Segment Start: DATASET RECORDS

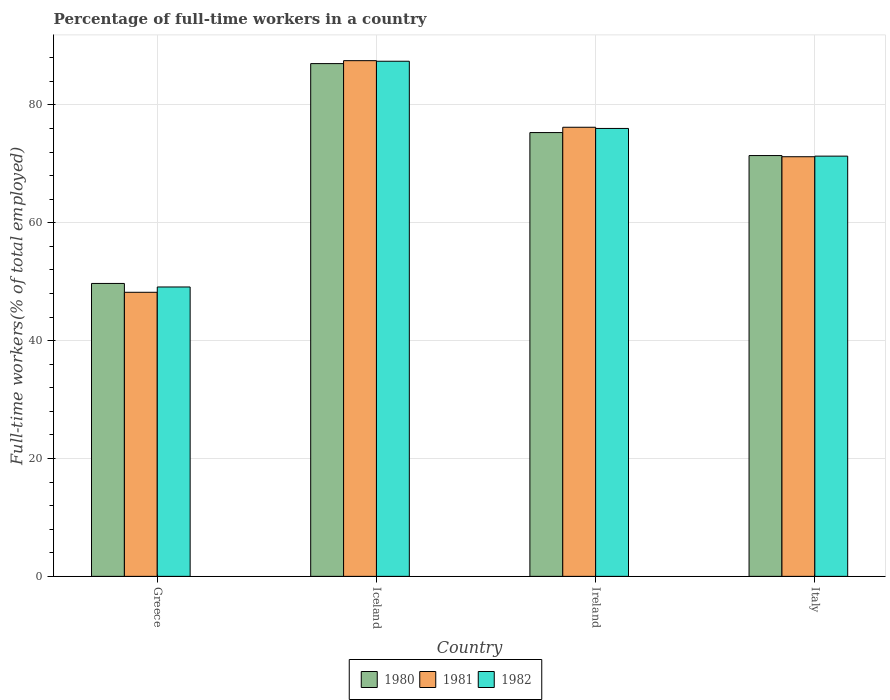Are the number of bars per tick equal to the number of legend labels?
Offer a very short reply. Yes. How many bars are there on the 1st tick from the left?
Keep it short and to the point. 3. How many bars are there on the 4th tick from the right?
Your answer should be compact. 3. What is the percentage of full-time workers in 1981 in Greece?
Make the answer very short. 48.2. Across all countries, what is the maximum percentage of full-time workers in 1981?
Make the answer very short. 87.5. Across all countries, what is the minimum percentage of full-time workers in 1981?
Your response must be concise. 48.2. In which country was the percentage of full-time workers in 1982 maximum?
Your answer should be very brief. Iceland. What is the total percentage of full-time workers in 1981 in the graph?
Your response must be concise. 283.1. What is the difference between the percentage of full-time workers in 1982 in Greece and that in Ireland?
Ensure brevity in your answer.  -26.9. What is the difference between the percentage of full-time workers in 1981 in Ireland and the percentage of full-time workers in 1982 in Iceland?
Give a very brief answer. -11.2. What is the average percentage of full-time workers in 1980 per country?
Keep it short and to the point. 70.85. What is the difference between the percentage of full-time workers of/in 1982 and percentage of full-time workers of/in 1981 in Iceland?
Ensure brevity in your answer.  -0.1. In how many countries, is the percentage of full-time workers in 1982 greater than 36 %?
Provide a short and direct response. 4. What is the ratio of the percentage of full-time workers in 1981 in Ireland to that in Italy?
Keep it short and to the point. 1.07. Is the percentage of full-time workers in 1980 in Greece less than that in Iceland?
Your response must be concise. Yes. Is the difference between the percentage of full-time workers in 1982 in Greece and Iceland greater than the difference between the percentage of full-time workers in 1981 in Greece and Iceland?
Provide a short and direct response. Yes. What is the difference between the highest and the second highest percentage of full-time workers in 1980?
Give a very brief answer. 3.9. What is the difference between the highest and the lowest percentage of full-time workers in 1980?
Your response must be concise. 37.3. Is the sum of the percentage of full-time workers in 1981 in Greece and Italy greater than the maximum percentage of full-time workers in 1980 across all countries?
Offer a terse response. Yes. Is it the case that in every country, the sum of the percentage of full-time workers in 1980 and percentage of full-time workers in 1981 is greater than the percentage of full-time workers in 1982?
Give a very brief answer. Yes. Are all the bars in the graph horizontal?
Your answer should be very brief. No. Does the graph contain any zero values?
Your answer should be very brief. No. Where does the legend appear in the graph?
Provide a succinct answer. Bottom center. How are the legend labels stacked?
Provide a succinct answer. Horizontal. What is the title of the graph?
Offer a very short reply. Percentage of full-time workers in a country. What is the label or title of the X-axis?
Ensure brevity in your answer.  Country. What is the label or title of the Y-axis?
Ensure brevity in your answer.  Full-time workers(% of total employed). What is the Full-time workers(% of total employed) in 1980 in Greece?
Give a very brief answer. 49.7. What is the Full-time workers(% of total employed) of 1981 in Greece?
Your answer should be compact. 48.2. What is the Full-time workers(% of total employed) of 1982 in Greece?
Give a very brief answer. 49.1. What is the Full-time workers(% of total employed) in 1981 in Iceland?
Provide a short and direct response. 87.5. What is the Full-time workers(% of total employed) in 1982 in Iceland?
Offer a terse response. 87.4. What is the Full-time workers(% of total employed) of 1980 in Ireland?
Your answer should be very brief. 75.3. What is the Full-time workers(% of total employed) in 1981 in Ireland?
Make the answer very short. 76.2. What is the Full-time workers(% of total employed) of 1982 in Ireland?
Ensure brevity in your answer.  76. What is the Full-time workers(% of total employed) in 1980 in Italy?
Provide a succinct answer. 71.4. What is the Full-time workers(% of total employed) of 1981 in Italy?
Your answer should be compact. 71.2. What is the Full-time workers(% of total employed) of 1982 in Italy?
Keep it short and to the point. 71.3. Across all countries, what is the maximum Full-time workers(% of total employed) of 1980?
Keep it short and to the point. 87. Across all countries, what is the maximum Full-time workers(% of total employed) of 1981?
Offer a terse response. 87.5. Across all countries, what is the maximum Full-time workers(% of total employed) in 1982?
Keep it short and to the point. 87.4. Across all countries, what is the minimum Full-time workers(% of total employed) in 1980?
Give a very brief answer. 49.7. Across all countries, what is the minimum Full-time workers(% of total employed) of 1981?
Ensure brevity in your answer.  48.2. Across all countries, what is the minimum Full-time workers(% of total employed) in 1982?
Keep it short and to the point. 49.1. What is the total Full-time workers(% of total employed) of 1980 in the graph?
Offer a very short reply. 283.4. What is the total Full-time workers(% of total employed) of 1981 in the graph?
Provide a short and direct response. 283.1. What is the total Full-time workers(% of total employed) of 1982 in the graph?
Give a very brief answer. 283.8. What is the difference between the Full-time workers(% of total employed) of 1980 in Greece and that in Iceland?
Offer a very short reply. -37.3. What is the difference between the Full-time workers(% of total employed) of 1981 in Greece and that in Iceland?
Your answer should be compact. -39.3. What is the difference between the Full-time workers(% of total employed) in 1982 in Greece and that in Iceland?
Offer a very short reply. -38.3. What is the difference between the Full-time workers(% of total employed) in 1980 in Greece and that in Ireland?
Make the answer very short. -25.6. What is the difference between the Full-time workers(% of total employed) in 1981 in Greece and that in Ireland?
Your response must be concise. -28. What is the difference between the Full-time workers(% of total employed) in 1982 in Greece and that in Ireland?
Your response must be concise. -26.9. What is the difference between the Full-time workers(% of total employed) of 1980 in Greece and that in Italy?
Your answer should be very brief. -21.7. What is the difference between the Full-time workers(% of total employed) in 1982 in Greece and that in Italy?
Offer a terse response. -22.2. What is the difference between the Full-time workers(% of total employed) in 1980 in Iceland and that in Ireland?
Provide a short and direct response. 11.7. What is the difference between the Full-time workers(% of total employed) of 1980 in Iceland and that in Italy?
Ensure brevity in your answer.  15.6. What is the difference between the Full-time workers(% of total employed) in 1981 in Iceland and that in Italy?
Ensure brevity in your answer.  16.3. What is the difference between the Full-time workers(% of total employed) of 1982 in Iceland and that in Italy?
Provide a succinct answer. 16.1. What is the difference between the Full-time workers(% of total employed) of 1980 in Ireland and that in Italy?
Your response must be concise. 3.9. What is the difference between the Full-time workers(% of total employed) in 1981 in Ireland and that in Italy?
Offer a terse response. 5. What is the difference between the Full-time workers(% of total employed) of 1982 in Ireland and that in Italy?
Offer a very short reply. 4.7. What is the difference between the Full-time workers(% of total employed) in 1980 in Greece and the Full-time workers(% of total employed) in 1981 in Iceland?
Your answer should be very brief. -37.8. What is the difference between the Full-time workers(% of total employed) of 1980 in Greece and the Full-time workers(% of total employed) of 1982 in Iceland?
Your answer should be compact. -37.7. What is the difference between the Full-time workers(% of total employed) of 1981 in Greece and the Full-time workers(% of total employed) of 1982 in Iceland?
Make the answer very short. -39.2. What is the difference between the Full-time workers(% of total employed) in 1980 in Greece and the Full-time workers(% of total employed) in 1981 in Ireland?
Your answer should be compact. -26.5. What is the difference between the Full-time workers(% of total employed) in 1980 in Greece and the Full-time workers(% of total employed) in 1982 in Ireland?
Give a very brief answer. -26.3. What is the difference between the Full-time workers(% of total employed) of 1981 in Greece and the Full-time workers(% of total employed) of 1982 in Ireland?
Provide a short and direct response. -27.8. What is the difference between the Full-time workers(% of total employed) in 1980 in Greece and the Full-time workers(% of total employed) in 1981 in Italy?
Your response must be concise. -21.5. What is the difference between the Full-time workers(% of total employed) of 1980 in Greece and the Full-time workers(% of total employed) of 1982 in Italy?
Offer a very short reply. -21.6. What is the difference between the Full-time workers(% of total employed) of 1981 in Greece and the Full-time workers(% of total employed) of 1982 in Italy?
Your answer should be very brief. -23.1. What is the difference between the Full-time workers(% of total employed) in 1981 in Iceland and the Full-time workers(% of total employed) in 1982 in Ireland?
Give a very brief answer. 11.5. What is the difference between the Full-time workers(% of total employed) of 1980 in Iceland and the Full-time workers(% of total employed) of 1981 in Italy?
Provide a short and direct response. 15.8. What is the difference between the Full-time workers(% of total employed) in 1980 in Iceland and the Full-time workers(% of total employed) in 1982 in Italy?
Provide a short and direct response. 15.7. What is the difference between the Full-time workers(% of total employed) in 1980 in Ireland and the Full-time workers(% of total employed) in 1982 in Italy?
Make the answer very short. 4. What is the difference between the Full-time workers(% of total employed) of 1981 in Ireland and the Full-time workers(% of total employed) of 1982 in Italy?
Keep it short and to the point. 4.9. What is the average Full-time workers(% of total employed) of 1980 per country?
Make the answer very short. 70.85. What is the average Full-time workers(% of total employed) in 1981 per country?
Make the answer very short. 70.78. What is the average Full-time workers(% of total employed) of 1982 per country?
Offer a very short reply. 70.95. What is the difference between the Full-time workers(% of total employed) in 1980 and Full-time workers(% of total employed) in 1981 in Greece?
Provide a succinct answer. 1.5. What is the difference between the Full-time workers(% of total employed) of 1980 and Full-time workers(% of total employed) of 1982 in Greece?
Offer a terse response. 0.6. What is the difference between the Full-time workers(% of total employed) in 1980 and Full-time workers(% of total employed) in 1981 in Iceland?
Provide a succinct answer. -0.5. What is the difference between the Full-time workers(% of total employed) in 1980 and Full-time workers(% of total employed) in 1982 in Iceland?
Keep it short and to the point. -0.4. What is the difference between the Full-time workers(% of total employed) in 1981 and Full-time workers(% of total employed) in 1982 in Iceland?
Make the answer very short. 0.1. What is the difference between the Full-time workers(% of total employed) of 1980 and Full-time workers(% of total employed) of 1982 in Ireland?
Provide a short and direct response. -0.7. What is the difference between the Full-time workers(% of total employed) of 1981 and Full-time workers(% of total employed) of 1982 in Ireland?
Your answer should be compact. 0.2. What is the difference between the Full-time workers(% of total employed) of 1980 and Full-time workers(% of total employed) of 1981 in Italy?
Offer a terse response. 0.2. What is the difference between the Full-time workers(% of total employed) of 1980 and Full-time workers(% of total employed) of 1982 in Italy?
Provide a succinct answer. 0.1. What is the ratio of the Full-time workers(% of total employed) of 1980 in Greece to that in Iceland?
Offer a terse response. 0.57. What is the ratio of the Full-time workers(% of total employed) in 1981 in Greece to that in Iceland?
Your answer should be compact. 0.55. What is the ratio of the Full-time workers(% of total employed) in 1982 in Greece to that in Iceland?
Make the answer very short. 0.56. What is the ratio of the Full-time workers(% of total employed) of 1980 in Greece to that in Ireland?
Give a very brief answer. 0.66. What is the ratio of the Full-time workers(% of total employed) of 1981 in Greece to that in Ireland?
Offer a terse response. 0.63. What is the ratio of the Full-time workers(% of total employed) in 1982 in Greece to that in Ireland?
Provide a short and direct response. 0.65. What is the ratio of the Full-time workers(% of total employed) in 1980 in Greece to that in Italy?
Your answer should be very brief. 0.7. What is the ratio of the Full-time workers(% of total employed) of 1981 in Greece to that in Italy?
Provide a succinct answer. 0.68. What is the ratio of the Full-time workers(% of total employed) in 1982 in Greece to that in Italy?
Your answer should be very brief. 0.69. What is the ratio of the Full-time workers(% of total employed) in 1980 in Iceland to that in Ireland?
Keep it short and to the point. 1.16. What is the ratio of the Full-time workers(% of total employed) in 1981 in Iceland to that in Ireland?
Offer a terse response. 1.15. What is the ratio of the Full-time workers(% of total employed) of 1982 in Iceland to that in Ireland?
Your answer should be compact. 1.15. What is the ratio of the Full-time workers(% of total employed) of 1980 in Iceland to that in Italy?
Give a very brief answer. 1.22. What is the ratio of the Full-time workers(% of total employed) of 1981 in Iceland to that in Italy?
Give a very brief answer. 1.23. What is the ratio of the Full-time workers(% of total employed) in 1982 in Iceland to that in Italy?
Make the answer very short. 1.23. What is the ratio of the Full-time workers(% of total employed) of 1980 in Ireland to that in Italy?
Make the answer very short. 1.05. What is the ratio of the Full-time workers(% of total employed) in 1981 in Ireland to that in Italy?
Ensure brevity in your answer.  1.07. What is the ratio of the Full-time workers(% of total employed) of 1982 in Ireland to that in Italy?
Offer a very short reply. 1.07. What is the difference between the highest and the second highest Full-time workers(% of total employed) in 1982?
Your answer should be compact. 11.4. What is the difference between the highest and the lowest Full-time workers(% of total employed) in 1980?
Your answer should be very brief. 37.3. What is the difference between the highest and the lowest Full-time workers(% of total employed) of 1981?
Your answer should be very brief. 39.3. What is the difference between the highest and the lowest Full-time workers(% of total employed) of 1982?
Provide a short and direct response. 38.3.

Segment End: DATASET RECORDS

WHAT YOU WILL DO:
Output the lines above between the one holding "Give a very brief answer. 11.5." and the one holding "Provide a short and direct response. 15.7.", inclusive, with nothing before or after them.

ANSWER TO THE PROBLEM:
Give a very brief answer. 11.5. What is the difference between the Full-time workers(% of total employed) of 1980 in Iceland and the Full-time workers(% of total employed) of 1981 in Italy?
Provide a short and direct response. 15.8. What is the difference between the Full-time workers(% of total employed) in 1980 in Iceland and the Full-time workers(% of total employed) in 1982 in Italy?
Provide a short and direct response. 15.7. What is the difference between the Full-time workers(% of total employed) in 1980 in Ireland and the Full-time workers(% of total employed) in 1982 in Italy?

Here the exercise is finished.